George Wolfe (1834-1883)
A landscape, coastal and marine painter both in oil and watercolour, George Wolfe found inspiration in the topography of Britain as well as scenery across Europe. His atmospheric works often featured beached boats, surrendered to windswept skies and other natural elements.
George Wolfe was born in Clifton, Bristol, Gloucestershire, on 11 January 1834, the son of Charles Wolfe, a boat builder, and Ann, a dressmaker. He was baptised in Bristol on 23 February of the same year, and spent his early childhood years at Allens Court, Hotwell Road, with his two younger brothers, Charles and henry, and younger sister, Louisa.
By the age of 17 in 1851, Wolfe had moved to 9 Windsor Terrace in Clifton, and lived under the guardianship of Sophia Bulkeley, a widow and fund holder, who may have become his adoptive mother. Wolfe continued to live there possibly until his early thirties, by which time he had established himself as a watercolour painter. Wolfe continued to stay in Clifton during his artistic practice, and shared a studio for a time with fellow artist, Samuel Phillips Jackson RWS, who was also a landscape and marine painter.

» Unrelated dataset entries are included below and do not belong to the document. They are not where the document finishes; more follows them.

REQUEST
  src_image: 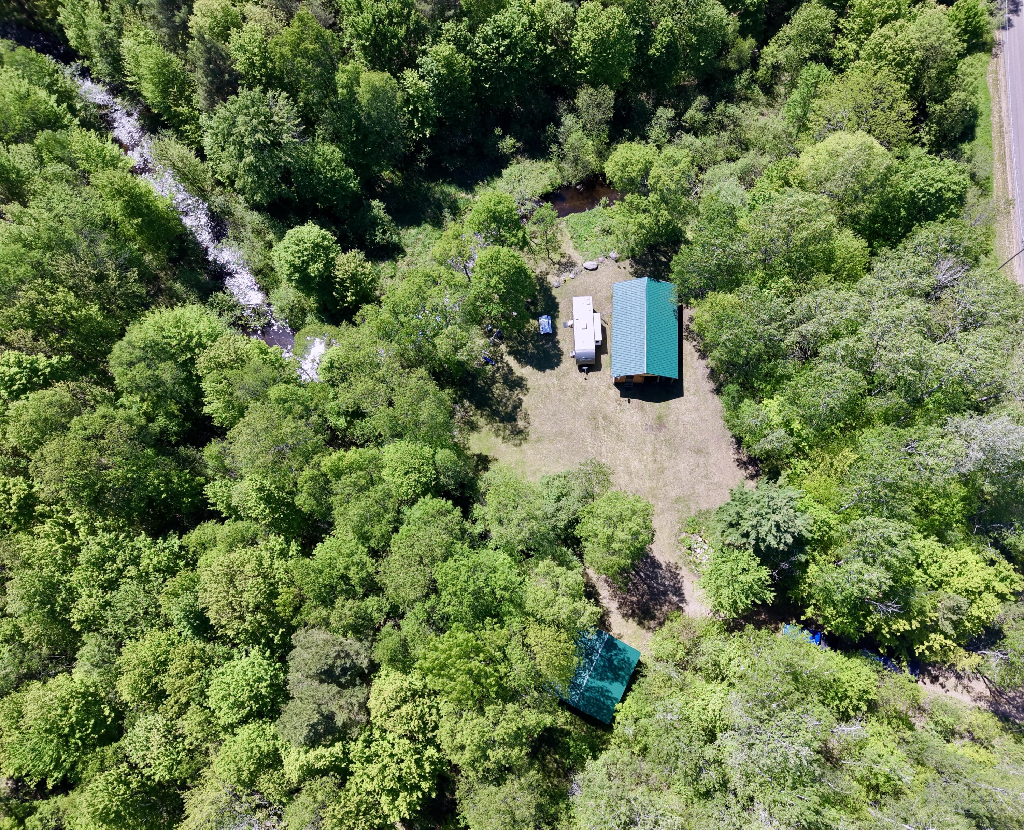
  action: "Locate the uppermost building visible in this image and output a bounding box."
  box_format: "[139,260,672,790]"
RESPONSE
[611,279,678,392]
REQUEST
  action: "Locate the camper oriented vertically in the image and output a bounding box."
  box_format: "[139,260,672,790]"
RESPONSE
[572,296,602,375]
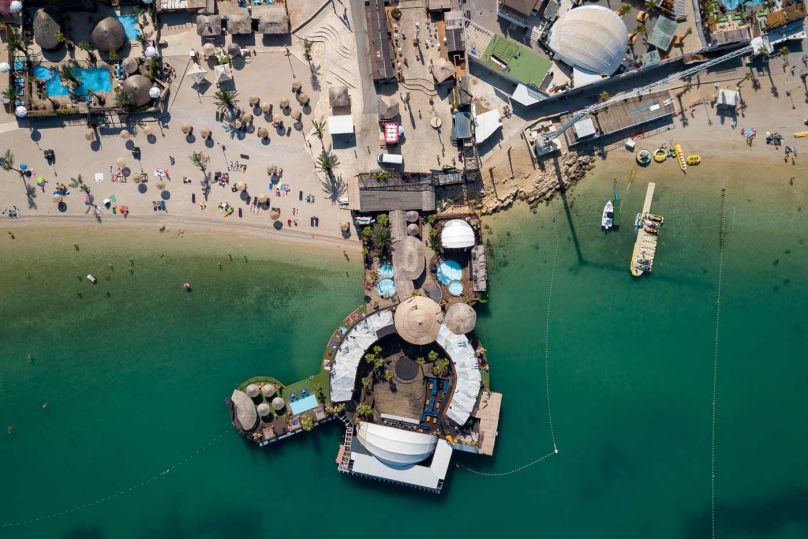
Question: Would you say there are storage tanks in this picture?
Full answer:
No, the photo shows no storage tank.
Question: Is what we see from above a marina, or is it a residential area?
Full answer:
What you see here is a marina.
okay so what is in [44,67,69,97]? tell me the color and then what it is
blue swimming pool
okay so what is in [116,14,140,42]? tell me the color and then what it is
blue swimming pool
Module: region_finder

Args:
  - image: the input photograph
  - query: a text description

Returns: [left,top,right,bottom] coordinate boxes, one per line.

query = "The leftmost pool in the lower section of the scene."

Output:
[290,394,319,415]
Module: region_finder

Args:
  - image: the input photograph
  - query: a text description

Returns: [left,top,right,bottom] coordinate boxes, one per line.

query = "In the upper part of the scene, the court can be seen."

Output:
[466,17,552,89]
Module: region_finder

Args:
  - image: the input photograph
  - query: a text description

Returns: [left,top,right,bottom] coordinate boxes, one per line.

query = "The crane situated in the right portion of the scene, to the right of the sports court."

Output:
[540,44,757,144]
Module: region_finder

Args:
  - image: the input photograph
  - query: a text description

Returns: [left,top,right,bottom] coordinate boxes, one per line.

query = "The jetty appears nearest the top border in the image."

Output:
[632,182,664,275]
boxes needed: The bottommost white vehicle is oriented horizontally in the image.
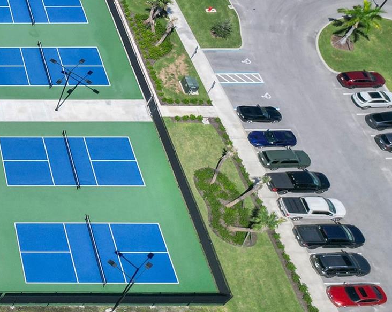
[277,191,351,219]
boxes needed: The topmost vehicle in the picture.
[336,66,390,89]
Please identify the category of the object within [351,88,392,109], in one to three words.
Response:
car
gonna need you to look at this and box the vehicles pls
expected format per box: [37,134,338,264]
[277,191,351,219]
[265,167,335,192]
[290,219,370,247]
[336,66,390,89]
[233,100,285,122]
[365,110,392,130]
[247,125,303,147]
[375,129,392,152]
[351,88,392,109]
[326,279,392,307]
[258,144,316,169]
[310,249,376,277]
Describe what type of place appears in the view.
sports ground
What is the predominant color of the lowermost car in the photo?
red
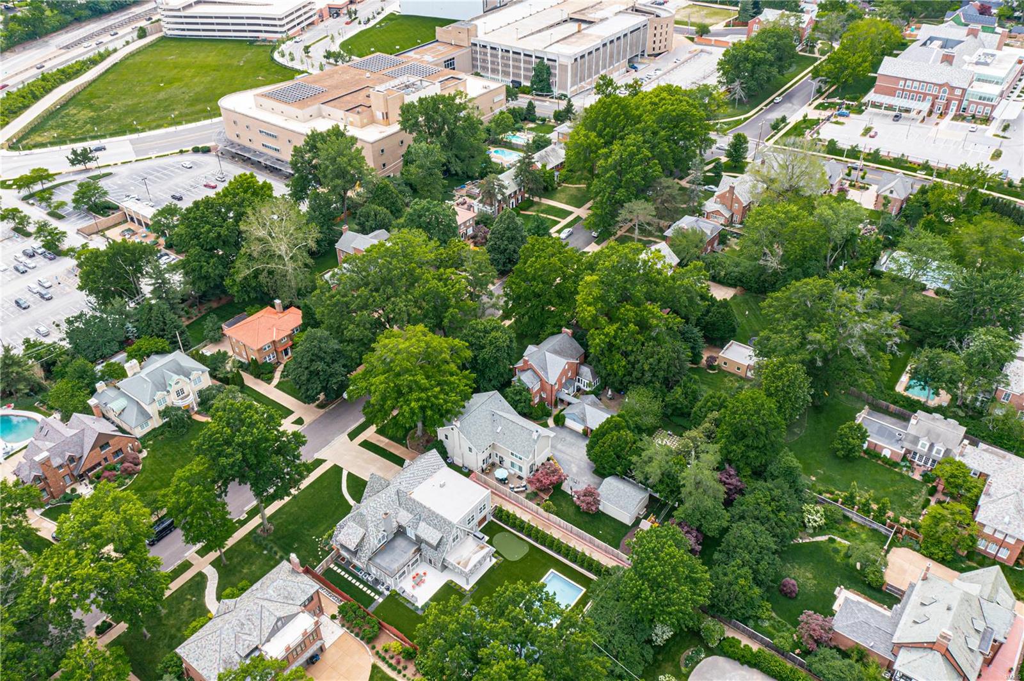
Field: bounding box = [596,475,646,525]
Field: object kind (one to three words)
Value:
building
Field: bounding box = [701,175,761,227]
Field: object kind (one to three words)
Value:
house
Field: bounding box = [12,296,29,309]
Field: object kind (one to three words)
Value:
vehicle
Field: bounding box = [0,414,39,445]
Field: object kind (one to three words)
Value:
swimming pool
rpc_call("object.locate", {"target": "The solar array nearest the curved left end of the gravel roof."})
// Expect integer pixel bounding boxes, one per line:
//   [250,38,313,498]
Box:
[265,81,323,102]
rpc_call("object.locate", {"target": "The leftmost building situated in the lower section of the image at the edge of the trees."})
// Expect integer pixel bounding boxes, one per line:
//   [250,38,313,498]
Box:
[13,413,137,501]
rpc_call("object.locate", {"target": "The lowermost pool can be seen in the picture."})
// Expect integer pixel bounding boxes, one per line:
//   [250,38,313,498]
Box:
[527,569,585,618]
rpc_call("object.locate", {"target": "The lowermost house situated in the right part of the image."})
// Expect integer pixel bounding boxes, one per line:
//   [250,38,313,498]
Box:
[830,561,1016,681]
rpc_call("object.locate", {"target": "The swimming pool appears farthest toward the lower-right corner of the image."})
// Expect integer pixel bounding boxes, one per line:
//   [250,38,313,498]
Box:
[895,369,952,407]
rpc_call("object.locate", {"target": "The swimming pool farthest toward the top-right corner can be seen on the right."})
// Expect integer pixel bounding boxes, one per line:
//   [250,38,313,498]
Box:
[877,250,957,291]
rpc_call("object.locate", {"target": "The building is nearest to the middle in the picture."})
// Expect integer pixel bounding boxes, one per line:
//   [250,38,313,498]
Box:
[512,327,600,408]
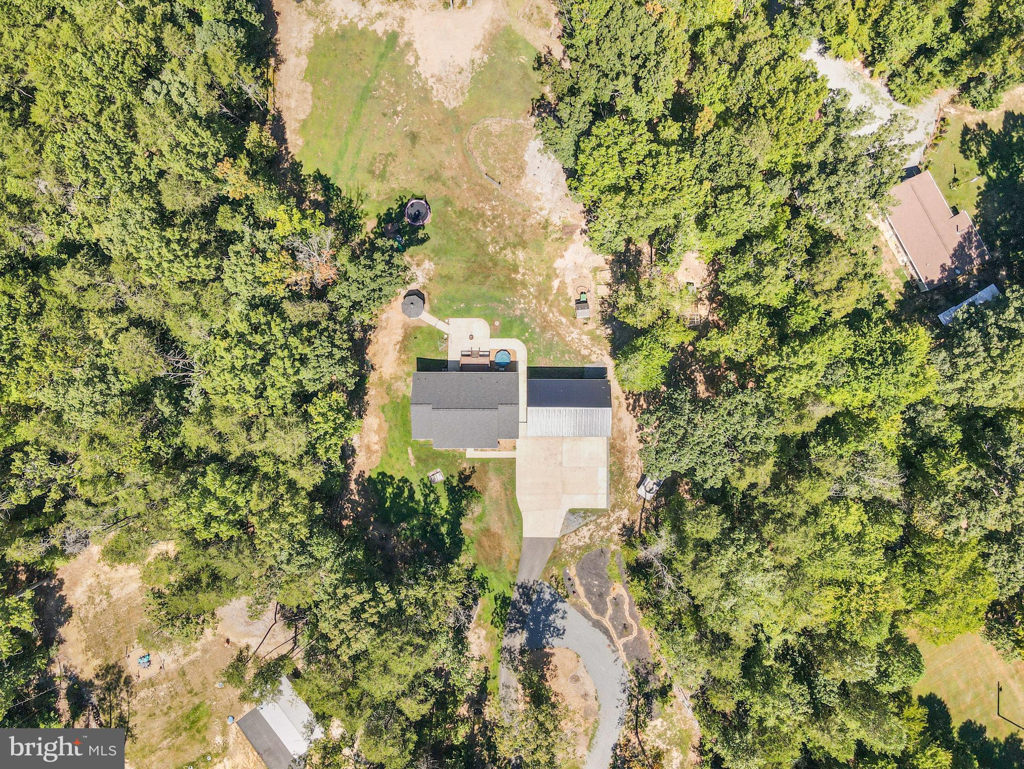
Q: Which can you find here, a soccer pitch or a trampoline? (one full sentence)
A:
Looking from above, you can make out a trampoline.
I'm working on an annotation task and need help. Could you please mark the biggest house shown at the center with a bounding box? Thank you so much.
[411,371,519,449]
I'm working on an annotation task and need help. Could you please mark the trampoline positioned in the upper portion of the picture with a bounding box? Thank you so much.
[404,194,430,227]
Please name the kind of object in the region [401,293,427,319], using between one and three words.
gazebo
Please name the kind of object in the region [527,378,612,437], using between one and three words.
building
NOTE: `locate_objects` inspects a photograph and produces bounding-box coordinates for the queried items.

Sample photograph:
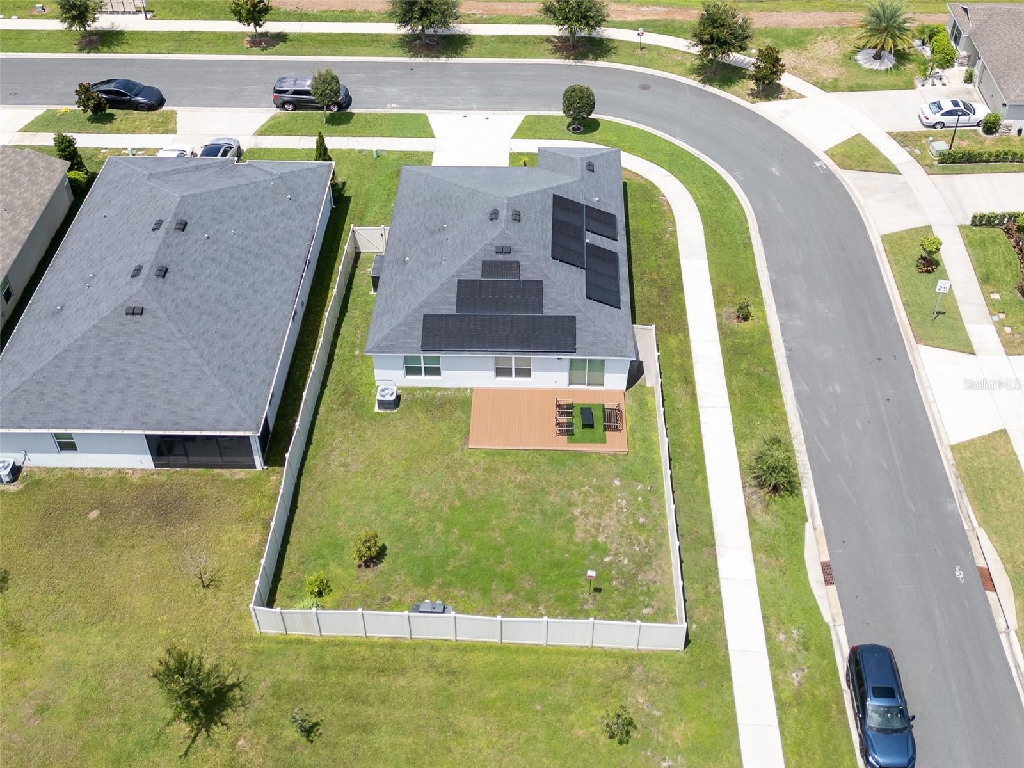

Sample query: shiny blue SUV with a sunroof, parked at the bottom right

[843,645,922,768]
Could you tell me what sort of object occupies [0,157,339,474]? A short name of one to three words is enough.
house

They may have met through Jackson’s father, Samuel Jackson who was said to be the ‘father’ of the Bristol School of artists, and taught Wolfe privately.
Wolfe was fond of copying drawings of S P Jackson, and it is possible that Jackson travelled with him to the Channel Islands around 1858.
Although mainly based in the Bristol area, Wolfe travelled extensively. Many of his subjects were taken from within Britain, including Devon, Cornwall, South Wales and Yorkshire, as well as the Channel Islands. He also explored Germany and Belgium.
Wolfe exhibited in London from 1855 to 1873, and was successful at entering pieces into the Royal Academy between 1857 to 1867, the Society of British Artists from 1855 to 1875, and the British Institution. Using his passion for marine subjects, he produced a book of sailing barge prints entitled Wolfe’s Book of Barges, published in London by Simpkin Marshall & Co and printed by J Lavars, Bridge Street, Bristol, in 1859. He also applied to become a member of the New Society of Painters in Water Colours in 1867, but unfortunately was not successful.
In 1868, Wolfe was living at Granby House, Granby Hill, Clifton. However, in the same year, he married Anne Mary Clement, daughter of Benjamin Clement, a Royal Navy Captain in Alton, Hampshire, and settled in nearby Chawton. They both remained in Chawton for the rest of their lives, living first in her family home, Denmead, during 1869, and moving to Malt House by 1871. In 1881, they were living at 85 Atton Road, which seems to have been their last address.
George Wolfe died on 20 September 1883, in Chawton, as is recorded on a memorial in the local church. His wife, Anne died a decade later in 1893; they had no children.